The Dick­sons had lived in Kuwait for so long that re­turn­ing to Eng­land at their age was a some­what alarm­ing prospect. Events in Kuwait, how­ever, were to re­lieve them of their wor­ries. Seep­ages of crude oil in the south­ern desert had at­tracted the at­ten­tion of Bri­tish Petroleum. With his knowl­edge of Ara­bic and his con­tact with Sheikh Ahmed, Colonel Dick­son was promptly of­fered a post as Li­ai­son Of­fi­cer be­tween the newly es­tab­lished Kuwait Oil Com­pany and the Bri­tish Agency. Need­less to say, he jumped at the chance and, once more, he and his wife, Vi­o­let, re­turned to the old Agency build­ing on the sea front that held so many fond mem­o­ries.

By that time, trial wells were al­ready dug in North Kuwait in the search for oil. The re­sults, how­ever, were un­pro­duc­tive and dis­heart­en­ing. It was in 1937 that Colonel Dick­son had a vivid dream. In it, he saw a young girl ris­ing from a stone tomb in the desert be­side a lone Sidr tree. When a crowd of men ap­peared, Colonel Dick­son beat them off and he and his wife took her into their care.

It so hap­pened that a lone Sidr tree grew in South Kuwait in an area called Bur­gan. It was a fa­mous land­mark and it was there that oil was found in vast quan­ti­ties.

With the dis­cov­ery of oil, Kuwait changed al­most overnight. The old or­der slipped, al­most un­no­ticed, into the back­ground as wave upon wave of for­eign­ers ar­rived to ben­e­fit from Kuwait’s wealth and pros­per­ity.

Sadly, Colonel Dick­son died of throm­bo­sis in 1959. Vis­i­tors to the Dick­son House will no­tice the slop­ing ramp in the back yard that was built to al­low his wheel­chair ac­cess to the ve­ran­dah. He was buried in the Chris­tian ceme­tery in Ah­madi but now lies in the grounds of the Bri­tish Em­bassy that was once his home.

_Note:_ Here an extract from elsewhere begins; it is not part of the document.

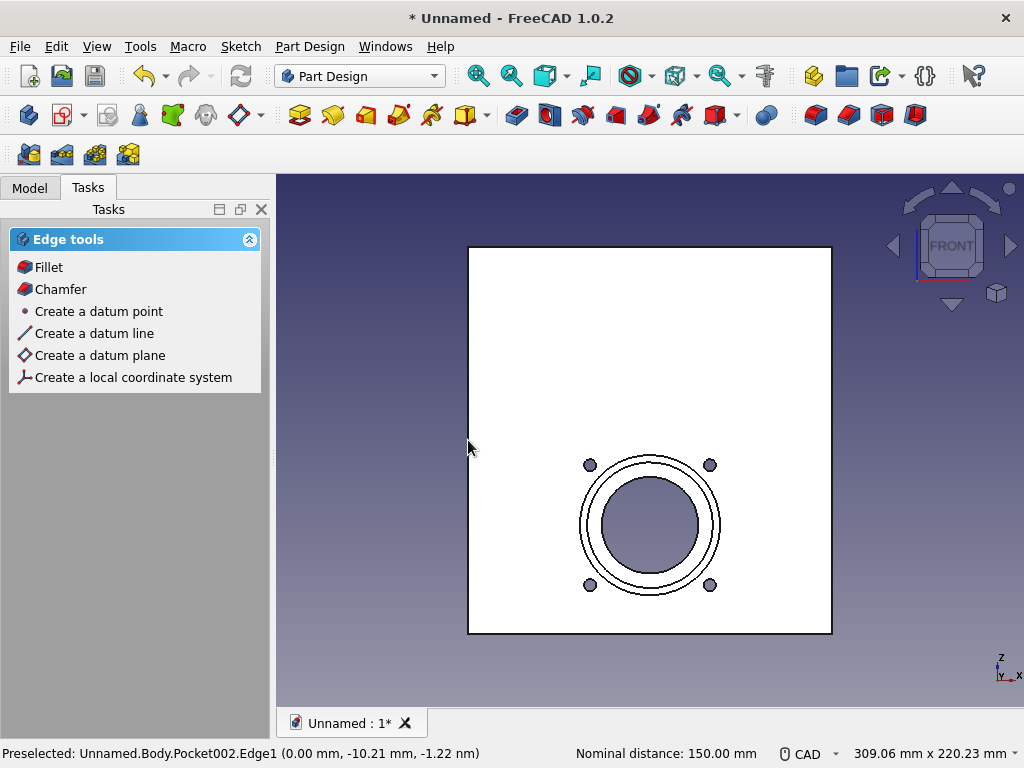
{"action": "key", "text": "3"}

Vi­o­let Dick­son, how­ever, lived on in the old house on the sea front and, in Septem­ber 1976, was awarded the D.B.E. As time passed, many of her friends left Kuwait to the ex­tent that by the 1980s she was old and very much alone. I was one of a group of Bri­tish ladies, or­ga­nized by Mrs Archie Hinch­cliffe, the wife of the then Bri­tish Am­bas­sador, H.E. Peter Hinch­cliffe, who took it in turns to sit with Dame Vi­o­let in the morn­ing.

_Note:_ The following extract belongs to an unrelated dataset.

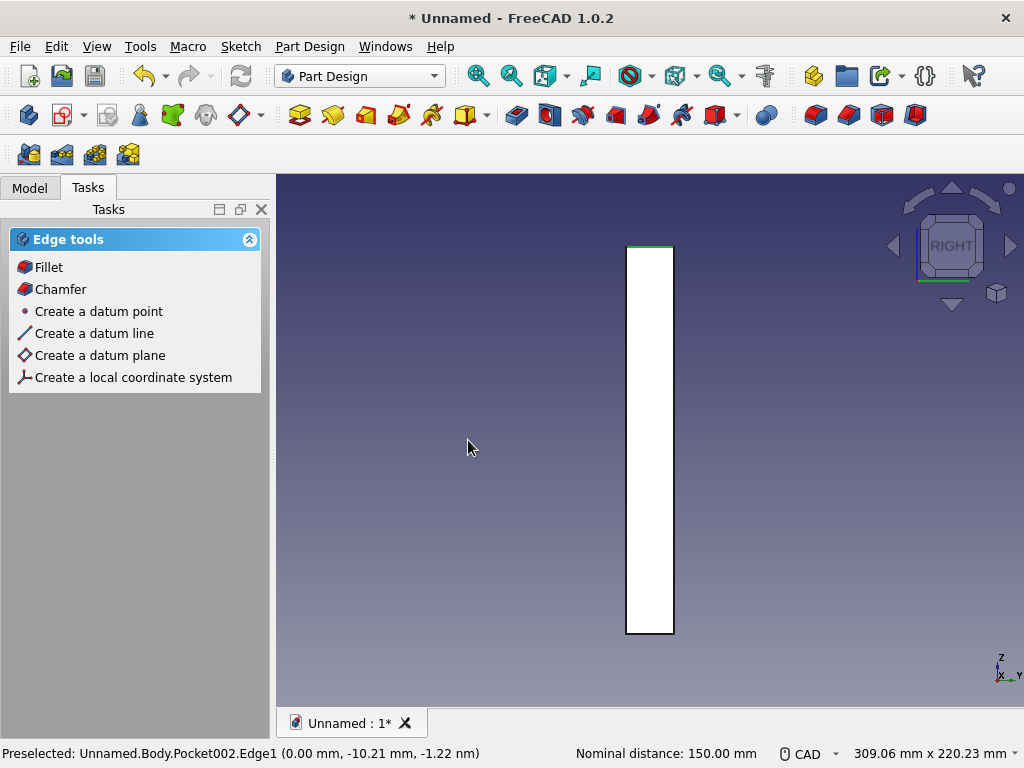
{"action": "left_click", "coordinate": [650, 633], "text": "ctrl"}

In March 1990, I had a tele­phone call from Dame Vi­o­let’s but­ler. He was ex­tremely up­set. Could I come quickly as Madame was very ill. I ar­rived at the house in a mat­ter of min­utes and found Dame Vi­o­let slumped in her chair. She was con­scious but un­able to speak prop­erly, hav­ing suf­fered a stroke. That af­ter­noon, she was trans­ferred to the Ah­madi Hospi­tal and, sadly, was never to re­turn to the old house on the sea front.

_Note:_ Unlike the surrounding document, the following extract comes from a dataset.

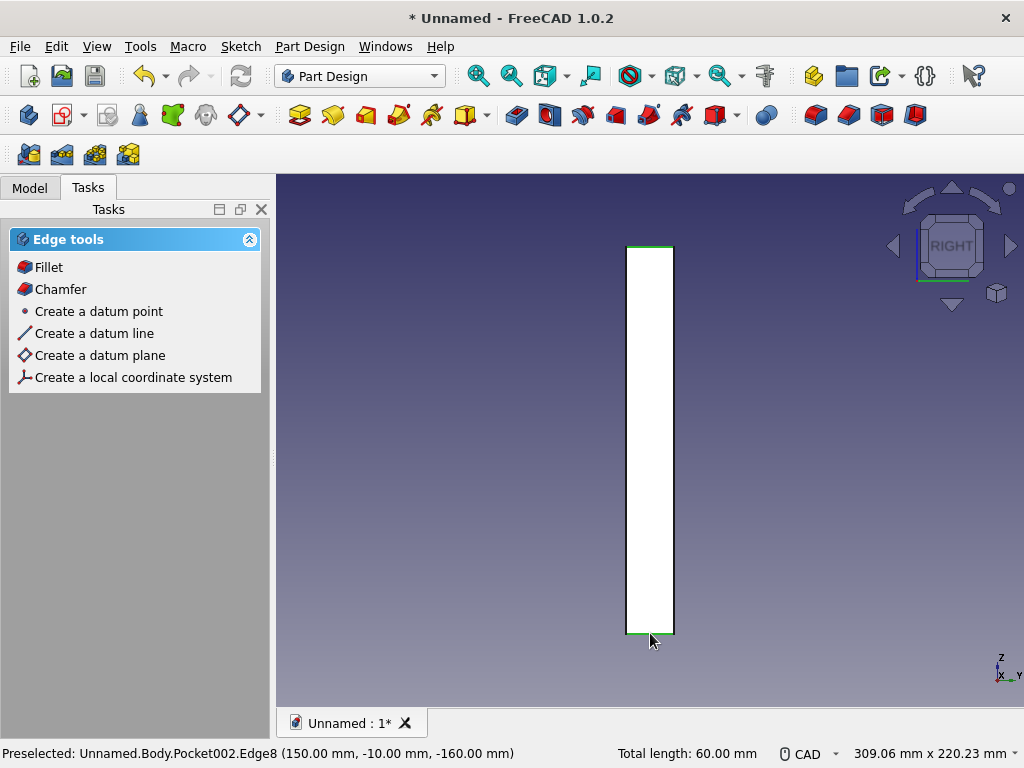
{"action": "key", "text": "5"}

Af­ter con­sul­ta­tions with her son and daugh­ter in Eng­land, it had been de­cided that, when she died, her body would be buried in the grounds of the Bri­tish Em­bassy. She was very ill and still hos­pi­talised when Iraq in­vaded Kuwait on Aug 2, 1990.

Dame Vi­o­let was a pas­sen­ger on the last flight out of Kuwait on Sept 22, 1990. On her ar­rival, she was ad­mit­ted to a nurs­ing home in Gor­ing-on-Thames where she died, with her fam­ily around her. She is buried in the ceme­tery of the vil­lage church at South Stoke near Read­ing.

Her tomb­stone marks a lit­tle piece of Eng­land that will for­ever be Kuwait.